In a speech during Georgetown University’s Fintech Week, Acting Comptroller of the Currency Keith Noreika said that some have raised the notion that the OCC proposal is an attempt to breach the separation between banking and commerce.

He said that the concern “has been exaggerated with the intent of scuttling our idea.”

“Blown out of proportion”

“People who make this argument suggest that such mixing would result in destabilizing the market and increase consumer abuses,” said Noreika. “That idea has been blown out of proportion. I merely suggested that we should talk to any company interested in becoming a bank and that commercial companies should not be prohibited from applying—if they meet the criteria for doing so.”

Discussing a charter and applying for one are far from having one approved, the regulator added.

Noreika pointed out that a charter application must stand up on its own merits—financial, strategic, and operational.

He also pointed out that “there are already dozens of examples where commercial companies are allowed to own banks at the state and federal levels without such abuse or harm.”

Noreika said that national credit card banks, state merchant processing banks, and state-chartered industrial loan companies (an option selected recently by such companies as Square and SoFi, in Utah) can and are owned by commercial firms.
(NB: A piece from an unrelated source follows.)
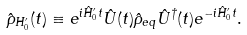<formula> <loc_0><loc_0><loc_500><loc_500>\hat { \rho } _ { H _ { 0 } ^ { \prime } } ( t ) \equiv e ^ { i \hat { H } _ { 0 } ^ { \prime } t } \hat { U } ( t ) \hat { \rho } _ { e q } \hat { U } ^ { \dagger } ( t ) e ^ { - i \hat { H } _ { 0 } ^ { \prime } t } .</formula>

“The law allows commercial companies today to own these types of banks for good reason—they support legitimate business goals and deliver valued products and services to their customers,” Noreika said.

Looking at the law

Federal law—specifically, the Bank Holding Company Act—defines what it means to be a bank, Noreika added.

“If the chartered bank does not meet that definition, its parent company would not become a bank holding company solely by virtue of owning the bank, and therefore, nonbank holding companies, commercial entities, or other banks could own such banks under the law,” he said. The entities would still be regulated, he noted.

Noreika said that fear should not prevent discussion of the issues. He also said that it is important that tech companies interested in banking understand clearly that obtaining a charter is no casual matter.

“We need to be certain that companies expressing interest in becoming a national bank fully understand just what it means to be a bank,” said Noreika. Some entrepreneurs will give an idea a couple of years to succeed.

“After that, if the product or service doesn’t go viral, no hard done…” said Noreika. “That’s fine for startup companies and healthy for the economy, but that doesn’t really work for banks.”

The Comptroller said a national charter is a special item and not to be granted to interests unwilling to meet high standards.